Afterwards, Lua and I headed to the west of the beach, taking photos along the way.
The beach was filled with tons and tons of algae and seaweed. From far I had presumed it to be grass, but closer inspection revealed the icky truth. I do not know why, but I have always found algae gross and never wanted to be near it. However, it is not that bad. My friend took her shoes off to walk across a long rocky path, green by algae. Not wanting to miss out, I did the same. Took some inner strength to walk ahead willingly especially once I began walking across.

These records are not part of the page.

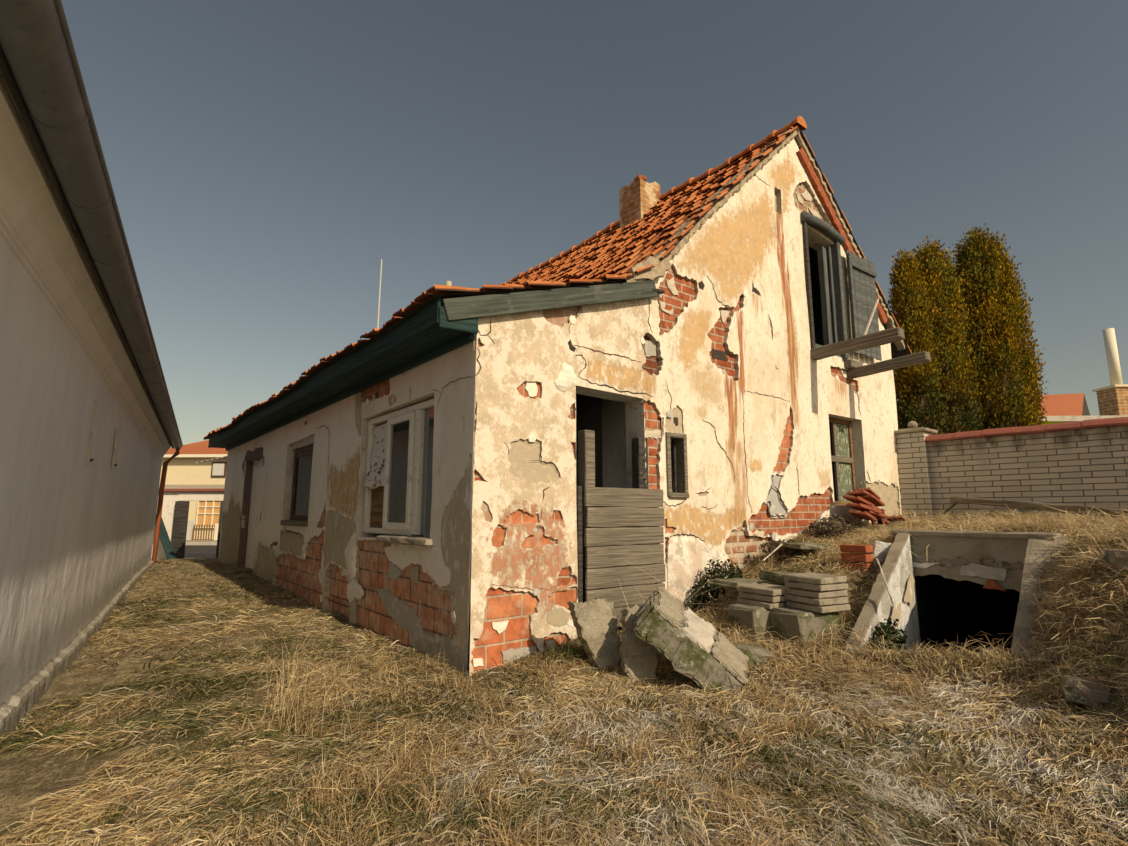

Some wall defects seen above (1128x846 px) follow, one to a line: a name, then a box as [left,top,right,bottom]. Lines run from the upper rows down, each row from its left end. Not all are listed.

flaking render [274,379,576,674]
crack [569,308,672,416]
peeling [587,358,678,489]
peeling [657,160,834,417]
flaking render [664,414,831,570]
crack [703,390,800,510]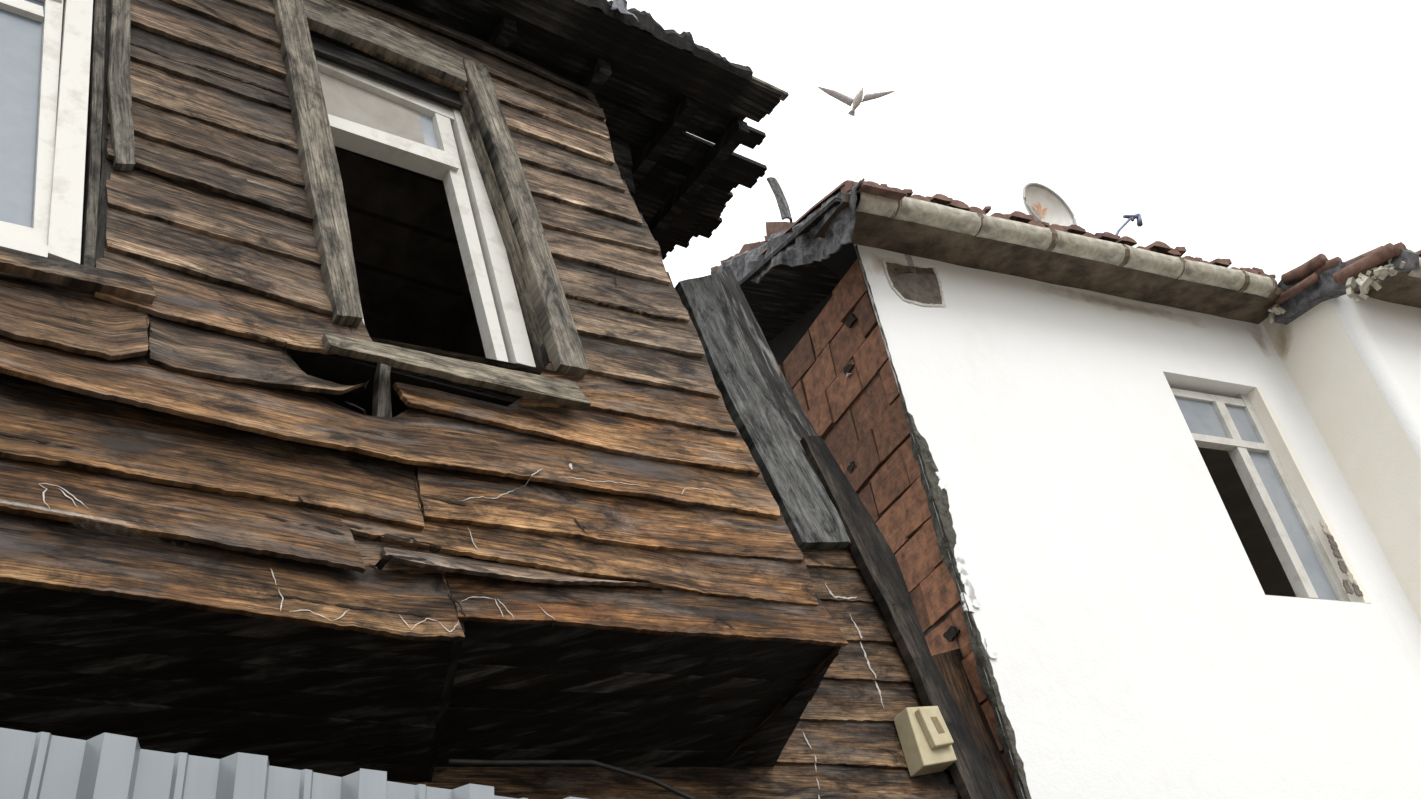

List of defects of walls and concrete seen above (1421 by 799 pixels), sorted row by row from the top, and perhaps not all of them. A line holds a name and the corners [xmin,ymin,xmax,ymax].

crack [257,465,466,623]
spalling [855,244,1032,799]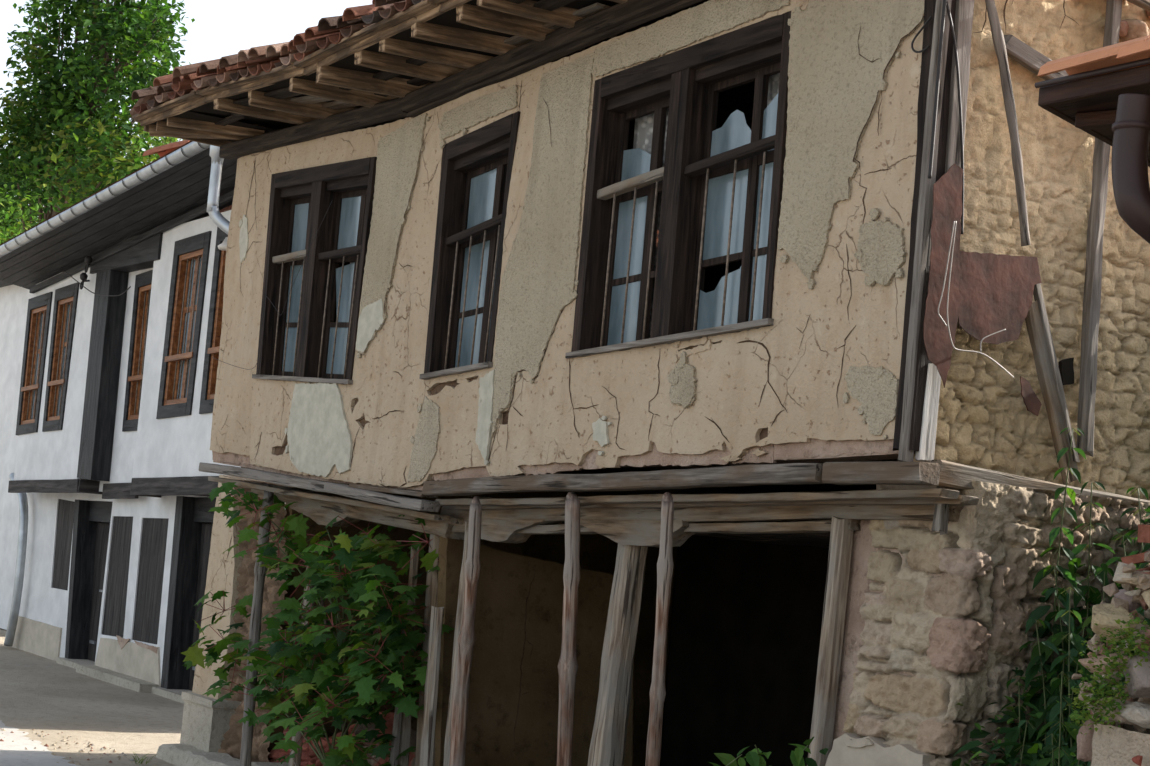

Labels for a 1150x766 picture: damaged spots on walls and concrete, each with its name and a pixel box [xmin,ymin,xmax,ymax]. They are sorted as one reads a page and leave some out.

flaking render [356,113,430,358]
flaking render [407,0,924,482]
crack [836,13,926,404]
flaking render [274,382,370,477]
crack [738,340,787,426]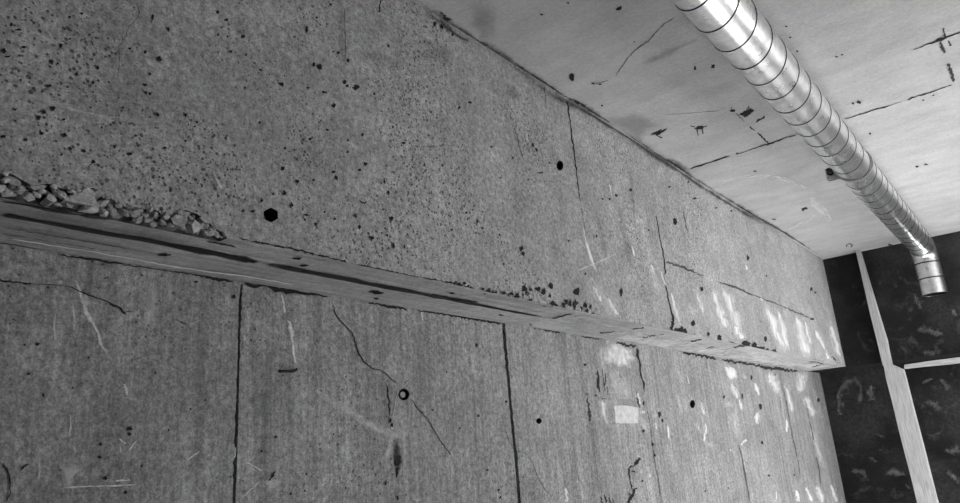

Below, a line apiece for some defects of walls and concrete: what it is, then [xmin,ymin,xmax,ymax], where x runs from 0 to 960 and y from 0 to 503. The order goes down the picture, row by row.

The mushy, squishy sensation under my feet was not comforting, even more so when I looked down and remember what I was stepping on.
We continued along the beach until we reached a small hill that, walking over, would lead to the more swimmable area of the beach.
The rock formations on the hill were stunning and the combination of beach and forest as a back drop just added to the aesthetic of the area. I felt like I was in Twilight with the pale sky painted over the sights of the high cliffs. But it gets better. Paradise truly kicked in when we began reaching the lowering end of the cliff which lead to the next beach.
This had to be one of the most stunning beaches I have ever seen. The crystal green water clashed in all sides: towards the collapsed rocks and boulders and towards the grinning lifeforms on the shore. Everything was so alive and moving. Adults, children and even street dogs ran into to ice cold waters in pure joy and the waves reacted playfully pushing back like a game of tag.
The water made me shiver. I expected that the longer I stayed in the water, the more I would get used to it, but that was not that case. However, Lua and I continued splashing and swimming as if the cold did not phase us. It was too beautiful of a beach to resist. We did cut back a little though. We had planned to stay at the beach all day until dark, but reality set in and the cold became to much too handle so we exited the waters. Yet, we were not quite done. There was a shark-shaped raft that we noticed exiting the shore and making circles around the deep of the beach. We found the owners of the raft and were delighted to find out they were only charging 2.000 Chilean pesos to go on. This is extremely cheap (almost the same price as Medium French Fries at McDonalds).
It got dark pretty quickly afterwards so we bought some empanadas and french fries to snack on and called it a day. Luck was on our side as we caught the last bus back to Santiago.